Data excerpts:
━━━━━━━━━━

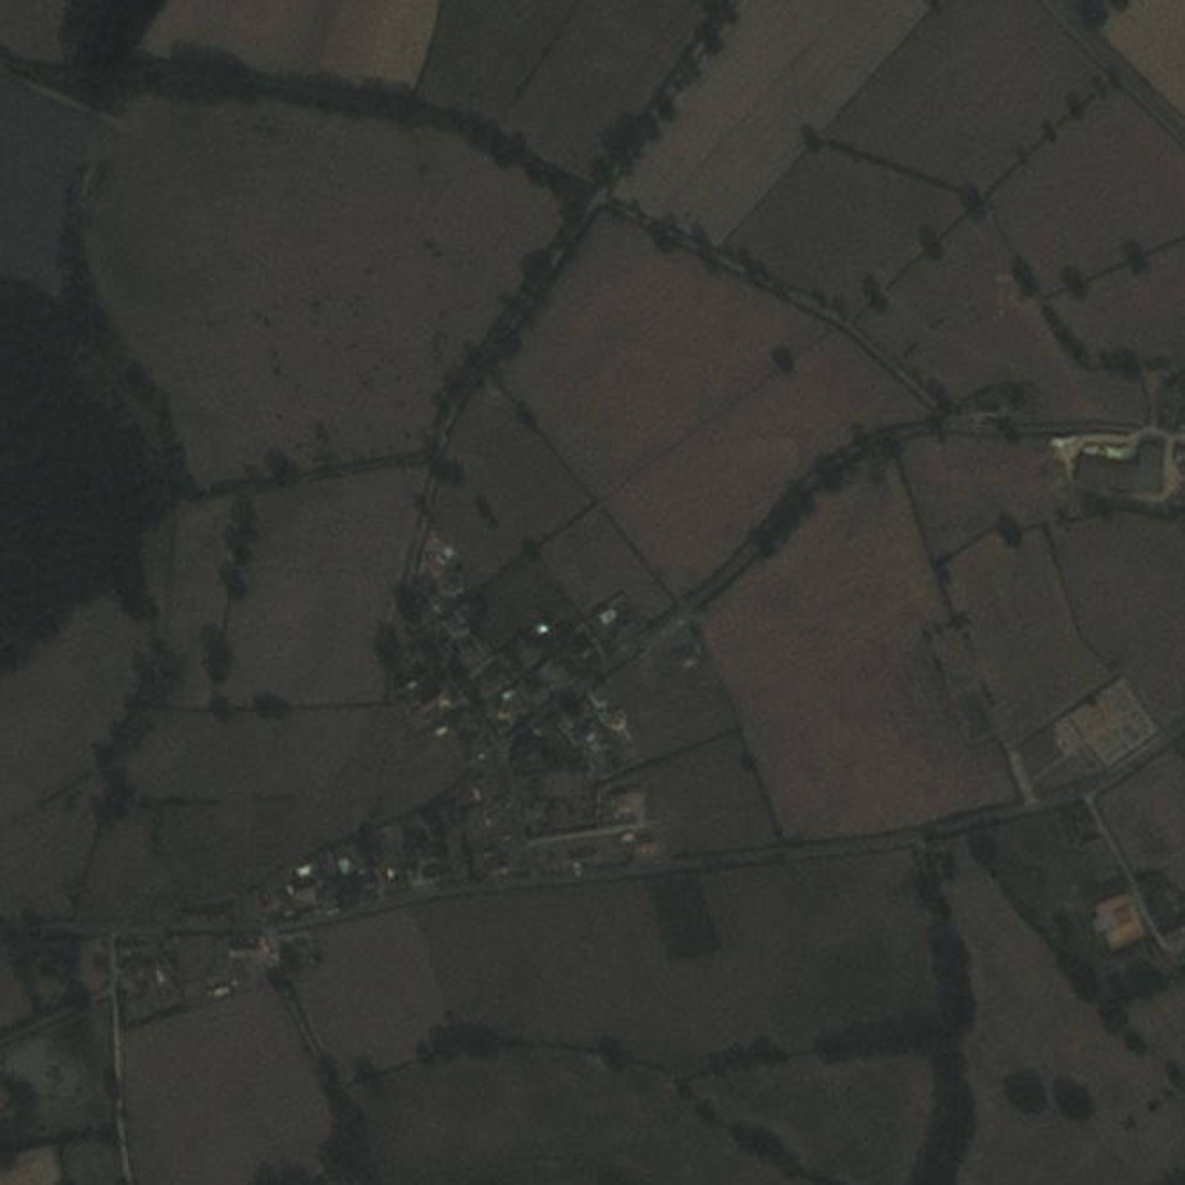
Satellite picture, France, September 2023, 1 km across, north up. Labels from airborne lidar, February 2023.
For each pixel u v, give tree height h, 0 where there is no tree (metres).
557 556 0
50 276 0
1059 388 0
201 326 0
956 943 18
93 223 0
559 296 0
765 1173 0
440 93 0
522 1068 0
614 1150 0
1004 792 0
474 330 0
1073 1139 0
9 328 16
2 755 0
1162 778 0
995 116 0
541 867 0
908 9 0
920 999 0
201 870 0
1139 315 0
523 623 0
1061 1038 0
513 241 0
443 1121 0
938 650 0
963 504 0
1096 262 0
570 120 0
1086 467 0
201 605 0
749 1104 0
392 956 0
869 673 0
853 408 0
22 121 0
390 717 0
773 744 0
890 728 0
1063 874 0
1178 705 0
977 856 17
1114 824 0
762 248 0
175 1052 0
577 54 0
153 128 0
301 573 0
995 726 0
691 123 0
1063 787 0
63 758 0
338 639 0
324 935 0
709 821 0
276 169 0
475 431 0
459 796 0
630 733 0
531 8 0
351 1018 0
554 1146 0
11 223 0
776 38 0
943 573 10
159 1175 0
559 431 0
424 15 0
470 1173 0
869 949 0
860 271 0
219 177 0
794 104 0
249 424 0
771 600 0
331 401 0
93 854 0
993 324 0
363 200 0
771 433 0
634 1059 8
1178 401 0
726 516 0
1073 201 0
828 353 0
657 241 15
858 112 0
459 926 0
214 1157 0
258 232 0
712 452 0
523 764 8
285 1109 0
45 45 0
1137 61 0
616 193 0
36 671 0
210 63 17
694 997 0
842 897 0
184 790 0
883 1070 0
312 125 0
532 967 0
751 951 0
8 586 24
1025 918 8
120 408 14
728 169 0
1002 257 0
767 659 0
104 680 0
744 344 0
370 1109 0
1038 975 0
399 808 0
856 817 0
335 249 0
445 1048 19
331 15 0
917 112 0
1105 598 0
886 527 0
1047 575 0
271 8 0
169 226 0
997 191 0
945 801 0
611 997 0
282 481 17
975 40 0
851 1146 0
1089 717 0
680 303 0
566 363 0
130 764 0
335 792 0
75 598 16
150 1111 0
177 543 0
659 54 0
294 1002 9
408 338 0
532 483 0
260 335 0
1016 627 0
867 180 0
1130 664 0
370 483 0
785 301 12
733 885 0
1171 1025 0
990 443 0
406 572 0
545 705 0
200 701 0
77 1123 0
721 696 0
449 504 0
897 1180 0
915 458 0
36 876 0
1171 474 0
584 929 0
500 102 0
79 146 0
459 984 0
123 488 23
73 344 19
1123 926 0
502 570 0
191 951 0
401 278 0
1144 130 0
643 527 0
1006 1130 0
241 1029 0
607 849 0
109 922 0
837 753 0
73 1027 0
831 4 0
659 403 0
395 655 15
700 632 0
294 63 0
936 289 0
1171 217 0
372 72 0
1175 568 0
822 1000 0
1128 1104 0
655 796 0
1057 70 0
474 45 0
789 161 0
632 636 0
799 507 15
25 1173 0
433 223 0
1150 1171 0
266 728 0
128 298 0
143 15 6
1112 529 0
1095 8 16

━━━━━━━━━━

The preceding entries should be duplicated word for word; no picture belongs in the copy.

Satellite picture, France, September 2023, 1 km across, north up. Labels from airborne lidar, February 2023.
For each pixel u v, give tree height h, 0 where there is no tree (metres).
557 556 0
50 276 0
1059 388 0
201 326 0
956 943 18
93 223 0
559 296 0
765 1173 0
440 93 0
522 1068 0
614 1150 0
1004 792 0
474 330 0
1073 1139 0
9 328 16
2 755 0
1162 778 0
995 116 0
541 867 0
908 9 0
920 999 0
201 870 0
1139 315 0
523 623 0
1061 1038 0
513 241 0
443 1121 0
938 650 0
963 504 0
1096 262 0
570 120 0
1086 467 0
201 605 0
749 1104 0
392 956 0
869 673 0
853 408 0
22 121 0
390 717 0
773 744 0
890 728 0
1063 874 0
1178 705 0
977 856 17
1114 824 0
762 248 0
175 1052 0
577 54 0
153 128 0
301 573 0
995 726 0
691 123 0
1063 787 0
63 758 0
338 639 0
324 935 0
709 821 0
276 169 0
475 431 0
459 796 0
630 733 0
531 8 0
351 1018 0
554 1146 0
11 223 0
776 38 0
943 573 10
159 1175 0
559 431 0
424 15 0
470 1173 0
869 949 0
860 271 0
219 177 0
794 104 0
249 424 0
771 600 0
331 401 0
93 854 0
993 324 0
363 200 0
771 433 0
634 1059 8
1178 401 0
726 516 0
1073 201 0
828 353 0
657 241 15
858 112 0
459 926 0
214 1157 0
258 232 0
712 452 0
523 764 8
285 1109 0
45 45 0
1137 61 0
616 193 0
36 671 0
210 63 17
694 997 0
842 897 0
184 790 0
883 1070 0
312 125 0
532 967 0
751 951 0
8 586 24
1025 918 8
120 408 14
728 169 0
1002 257 0
767 659 0
104 680 0
744 344 0
370 1109 0
1038 975 0
399 808 0
856 817 0
335 249 0
445 1048 19
331 15 0
917 112 0
1105 598 0
886 527 0
1047 575 0
271 8 0
169 226 0
997 191 0
945 801 0
611 997 0
282 481 17
975 40 0
851 1146 0
1089 717 0
680 303 0
566 363 0
130 764 0
335 792 0
75 598 16
150 1111 0
177 543 0
659 54 0
294 1002 9
408 338 0
532 483 0
260 335 0
1016 627 0
867 180 0
1130 664 0
370 483 0
785 301 12
733 885 0
1171 1025 0
990 443 0
406 572 0
545 705 0
200 701 0
77 1123 0
721 696 0
449 504 0
897 1180 0
915 458 0
36 876 0
1171 474 0
584 929 0
500 102 0
79 146 0
459 984 0
123 488 23
73 344 19
1123 926 0
502 570 0
191 951 0
401 278 0
1144 130 0
643 527 0
1006 1130 0
241 1029 0
607 849 0
109 922 0
837 753 0
73 1027 0
831 4 0
659 403 0
395 655 15
700 632 0
294 63 0
936 289 0
1171 217 0
372 72 0
1175 568 0
822 1000 0
1128 1104 0
655 796 0
1057 70 0
474 45 0
789 161 0
632 636 0
799 507 15
25 1173 0
433 223 0
1150 1171 0
266 728 0
128 298 0
143 15 6
1112 529 0
1095 8 16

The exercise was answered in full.